■ How to complete this task: Copy the listing below exactly. Pictures stay out of it.

■ Recorded data:
______________________________

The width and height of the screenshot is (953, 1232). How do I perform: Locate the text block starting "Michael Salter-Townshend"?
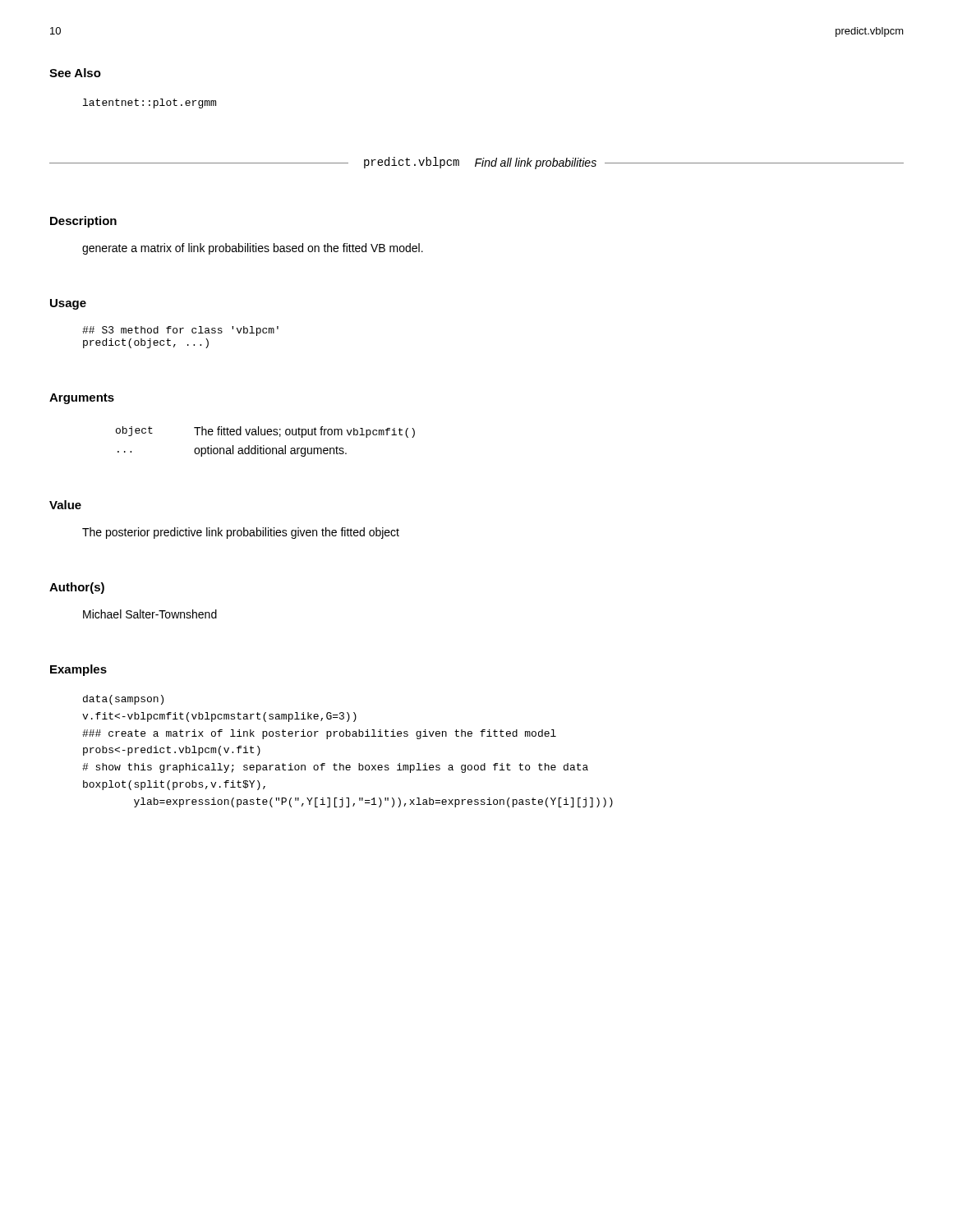[150, 614]
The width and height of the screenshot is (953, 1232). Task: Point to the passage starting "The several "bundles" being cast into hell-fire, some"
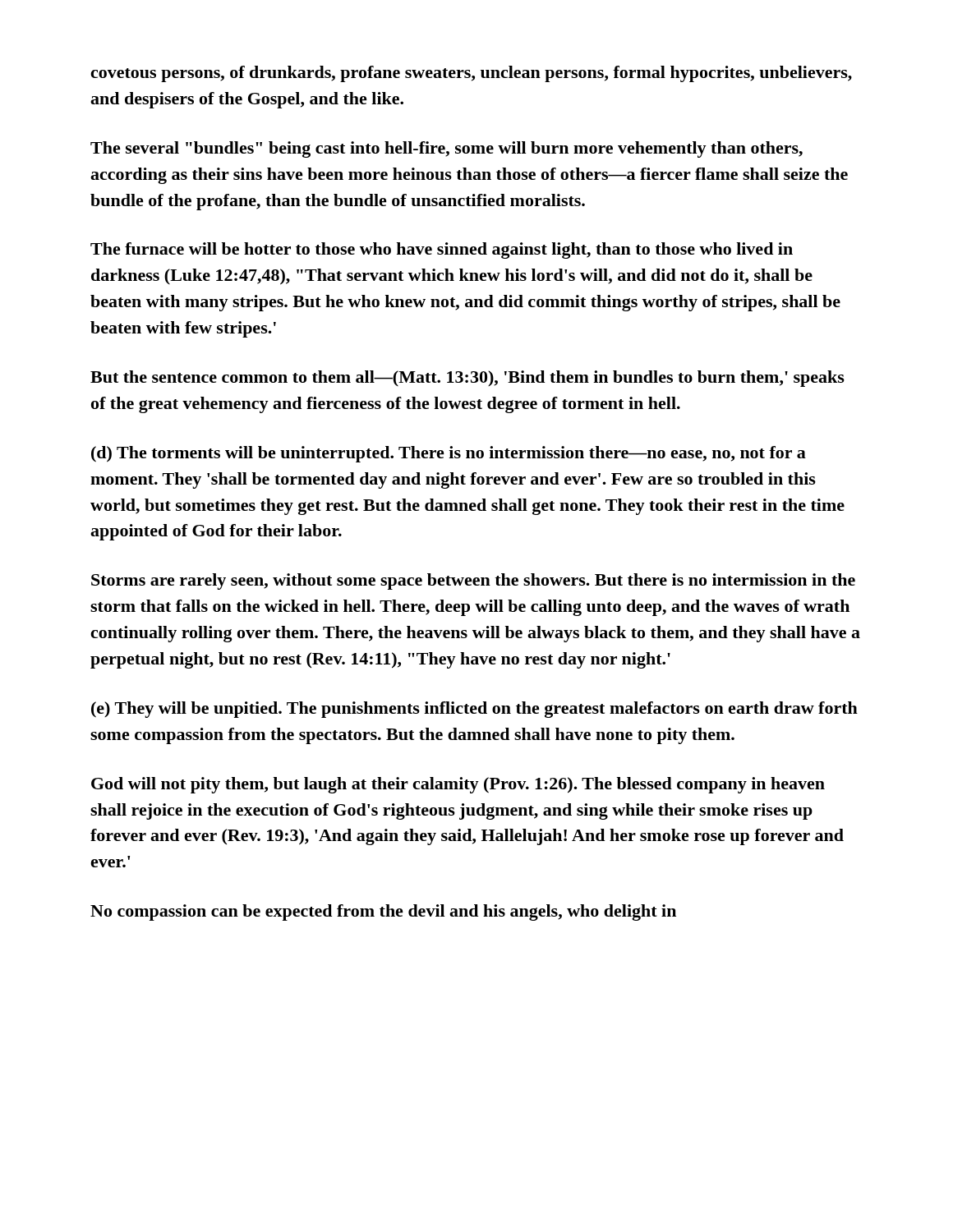coord(469,173)
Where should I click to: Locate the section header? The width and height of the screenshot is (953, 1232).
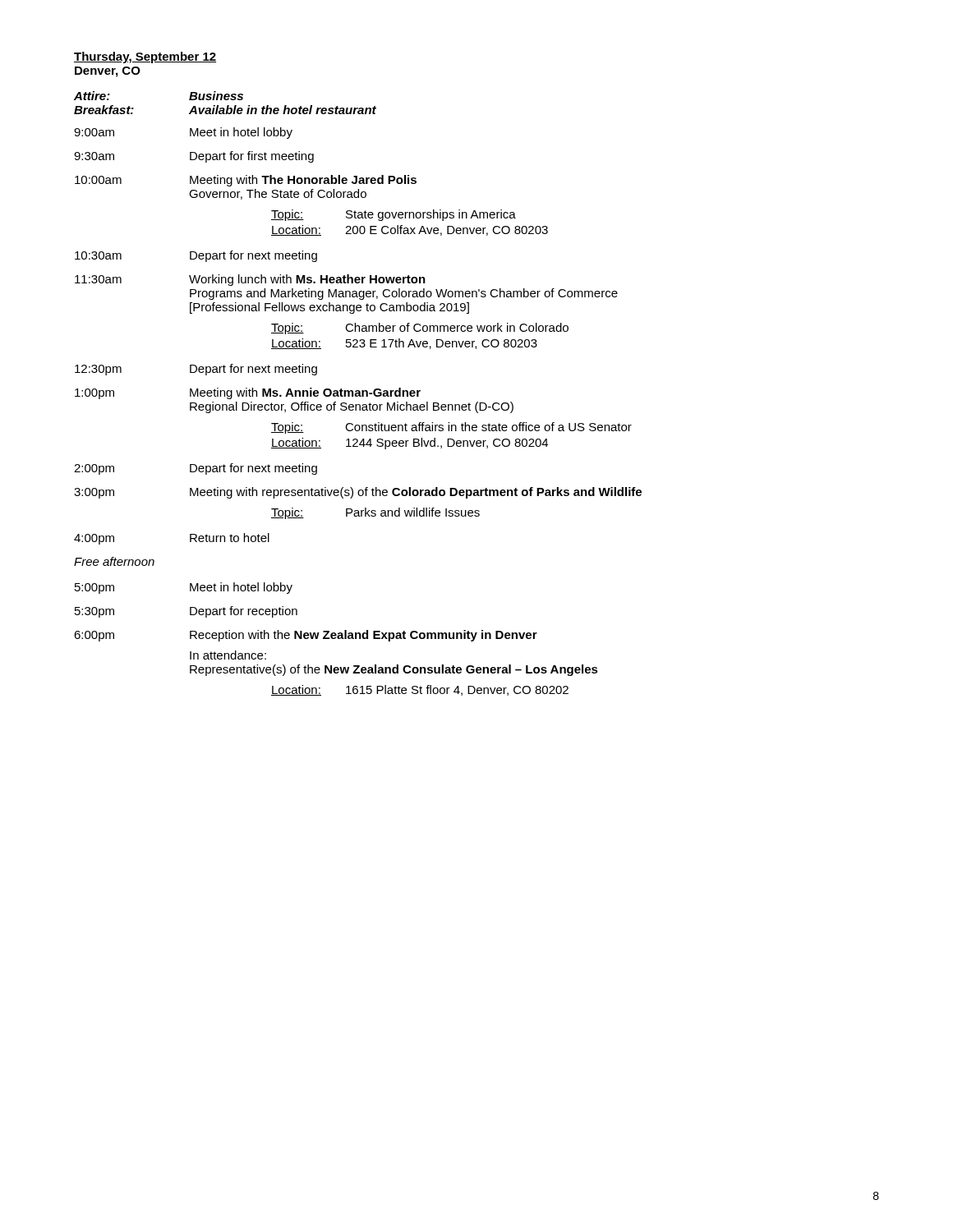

______________________________

■ Reply:
The width and height of the screenshot is (953, 1232). How do I perform: Locate the text block starting "Michael Salter-Townshend"?
[150, 614]
The width and height of the screenshot is (953, 1232). Task: Point to the passage starting "The several "bundles" being cast into hell-fire, some"
coord(469,173)
Where should I click to: Locate the section header? The width and height of the screenshot is (953, 1232).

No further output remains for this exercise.